Pursuant to sub-rule 16.05 of the Federal Circuit Court Rules 2001 (Cth) the Applicant be able to apply for the Court to vary or set aside this final order within 60 days of the date of these orders.
NOTING
A. Pursuant to ss.65DA(2) and 62B of the Family Law Act 1975, the particulars of the obligations these orders create and the particulars of the consequences that may follow if a person contravenes these orders and details of who can assist parties adjust to and comply with an order are set out in Attachment A and these particulars are included in these orders.
IT IS NOTED that publication of this judgment under the pseudonym Coulson & Coulson is approved pursuant to s.121(9)(g) of the Family Law Act 1975 (Cth).
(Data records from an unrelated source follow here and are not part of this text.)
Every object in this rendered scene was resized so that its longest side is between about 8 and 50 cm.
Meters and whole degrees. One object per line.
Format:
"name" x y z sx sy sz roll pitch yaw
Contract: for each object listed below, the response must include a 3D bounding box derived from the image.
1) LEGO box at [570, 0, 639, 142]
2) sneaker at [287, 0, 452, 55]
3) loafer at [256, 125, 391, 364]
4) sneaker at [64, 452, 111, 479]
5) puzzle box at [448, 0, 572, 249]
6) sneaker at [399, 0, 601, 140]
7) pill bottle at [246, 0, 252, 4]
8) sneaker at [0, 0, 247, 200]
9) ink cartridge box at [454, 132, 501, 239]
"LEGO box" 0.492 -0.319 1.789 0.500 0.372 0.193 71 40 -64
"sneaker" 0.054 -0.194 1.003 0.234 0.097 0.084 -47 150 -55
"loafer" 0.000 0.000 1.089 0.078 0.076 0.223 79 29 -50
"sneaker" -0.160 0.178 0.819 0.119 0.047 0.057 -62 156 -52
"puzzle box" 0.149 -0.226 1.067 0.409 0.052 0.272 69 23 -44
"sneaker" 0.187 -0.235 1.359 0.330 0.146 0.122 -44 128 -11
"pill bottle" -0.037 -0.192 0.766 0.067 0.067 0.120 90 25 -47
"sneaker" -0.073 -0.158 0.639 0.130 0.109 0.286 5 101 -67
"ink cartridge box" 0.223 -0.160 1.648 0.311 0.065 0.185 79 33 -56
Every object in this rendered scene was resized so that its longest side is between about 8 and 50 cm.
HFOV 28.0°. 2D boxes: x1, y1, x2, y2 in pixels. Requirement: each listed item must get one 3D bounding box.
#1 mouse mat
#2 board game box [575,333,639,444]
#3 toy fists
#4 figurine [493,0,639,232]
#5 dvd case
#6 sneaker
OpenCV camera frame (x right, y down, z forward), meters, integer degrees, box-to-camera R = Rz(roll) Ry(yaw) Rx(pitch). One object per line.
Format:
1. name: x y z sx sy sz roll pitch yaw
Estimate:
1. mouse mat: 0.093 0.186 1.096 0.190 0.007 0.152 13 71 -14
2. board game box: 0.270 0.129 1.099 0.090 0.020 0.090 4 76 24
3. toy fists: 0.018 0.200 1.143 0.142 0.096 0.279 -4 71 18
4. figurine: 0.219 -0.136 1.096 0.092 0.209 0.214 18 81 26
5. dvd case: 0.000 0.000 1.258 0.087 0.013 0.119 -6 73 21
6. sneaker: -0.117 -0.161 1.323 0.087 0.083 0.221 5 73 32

| FEDERAL CIRCUIT COURT OF AUSTRALIA AT DANDENONG |
DGC 927 of 2016
| MS COULSON |
Applicant
And
| MR COULSON |
Respondent
REASONS FOR JUDGMENT
These reasons for judgment were delivered orally. They have been corrected from the transcript. Grammatical errors have been corrected and an attempt has been made to render the orally delivered reasons amenable to being read.
This matter was listed before me initially to be listed on 5 December 2016, but due to judicial unavailability was moved to today at 9.30am for an undefended hearing. The background of the matter is that the applicant mother commenced proceedings on 4 April 2016. She sought unparticularised property orders and maintenance orders and at that time the child of the relationship, X, born (omitted) 2007 (“X”), was living with the mother.
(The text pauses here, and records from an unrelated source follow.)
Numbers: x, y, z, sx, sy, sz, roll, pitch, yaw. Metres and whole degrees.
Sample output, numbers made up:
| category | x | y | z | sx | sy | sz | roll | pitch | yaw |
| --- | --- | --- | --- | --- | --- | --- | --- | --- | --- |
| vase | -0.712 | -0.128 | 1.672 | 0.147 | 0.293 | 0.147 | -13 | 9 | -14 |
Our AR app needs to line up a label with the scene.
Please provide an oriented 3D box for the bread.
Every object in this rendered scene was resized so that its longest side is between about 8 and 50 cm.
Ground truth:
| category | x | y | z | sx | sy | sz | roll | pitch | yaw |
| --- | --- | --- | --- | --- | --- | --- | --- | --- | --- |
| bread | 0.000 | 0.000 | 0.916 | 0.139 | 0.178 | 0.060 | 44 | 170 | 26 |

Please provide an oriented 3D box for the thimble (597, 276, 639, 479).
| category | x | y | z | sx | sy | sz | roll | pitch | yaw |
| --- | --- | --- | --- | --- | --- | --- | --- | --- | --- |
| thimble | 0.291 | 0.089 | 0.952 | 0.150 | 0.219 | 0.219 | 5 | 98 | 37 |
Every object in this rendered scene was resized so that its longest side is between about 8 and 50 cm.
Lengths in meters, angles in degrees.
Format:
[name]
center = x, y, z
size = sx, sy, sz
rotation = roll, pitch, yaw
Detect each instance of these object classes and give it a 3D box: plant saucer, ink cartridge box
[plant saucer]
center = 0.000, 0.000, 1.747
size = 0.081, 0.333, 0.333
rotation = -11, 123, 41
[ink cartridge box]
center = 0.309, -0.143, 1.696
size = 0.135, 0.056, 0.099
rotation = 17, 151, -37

The matter first came before the Court on 2 May 2016 and some procedural orders were made and the matter was adjourned. The parties attended a conciliation conference and further orders were made. The father did not file his responding documents until 27 October 2016. In documents initially the father was that the mother’s application be struck out and that there be no orders with respect to division of property. He was also seeking that X live with him and that he have sole parental responsibility and that arose because of the mother’s drug use and concerns about X being at unacceptable risk in the mother’s care.
There is a response from the Department of Health and Human Services (“the Department”) to the Notice of Risk dated 4 November 2016 where the Department noted that there were reports raising concerns about X being exposed to family violence between the mother and her ex-partner, Mr S, who is not the father in these proceedings. The Department noted that the mother had acted protectively in that regard by contacting the police and obtaining an intervention order.
There were also reports that the mother was allegedly using ice and that Mr S had overdosed on ice. The report for the period 22 August 2016 to 1 September 2016 indicated that the father had acted protectively by intervening and taking X into his primary care. Whilst the father was working in Perth and working on a fly-in fly-out basis, his father had come to Melbourne to assist with care for the child. The father also told the Department that he was going to make an urgent application to the Court, which he did by filing an Application in a Case on 27 October 2016. In that application he has sought parenting orders with respect to X and I made orders on 21 November 2016 providing for the father to have sole parental responsibility for X, for X to live with the father and spend time with the mother as agreed.
I also made orders restraining the mother from using illicit drugs within a 24-hour period prior to spending time with X and that her time be conditional upon her undergoing a supervised drug screen within 24 hours of a request from the husband’s solicitor. The response from the Department further recorded an intake and assessment during the period of 26 to 27 September 2016 where a report was received about concerns that the mother was threatening to remove X from the father’s care and that they had received advice about an intervention order which would provide safety in the interim prior to a further hearing in this Court.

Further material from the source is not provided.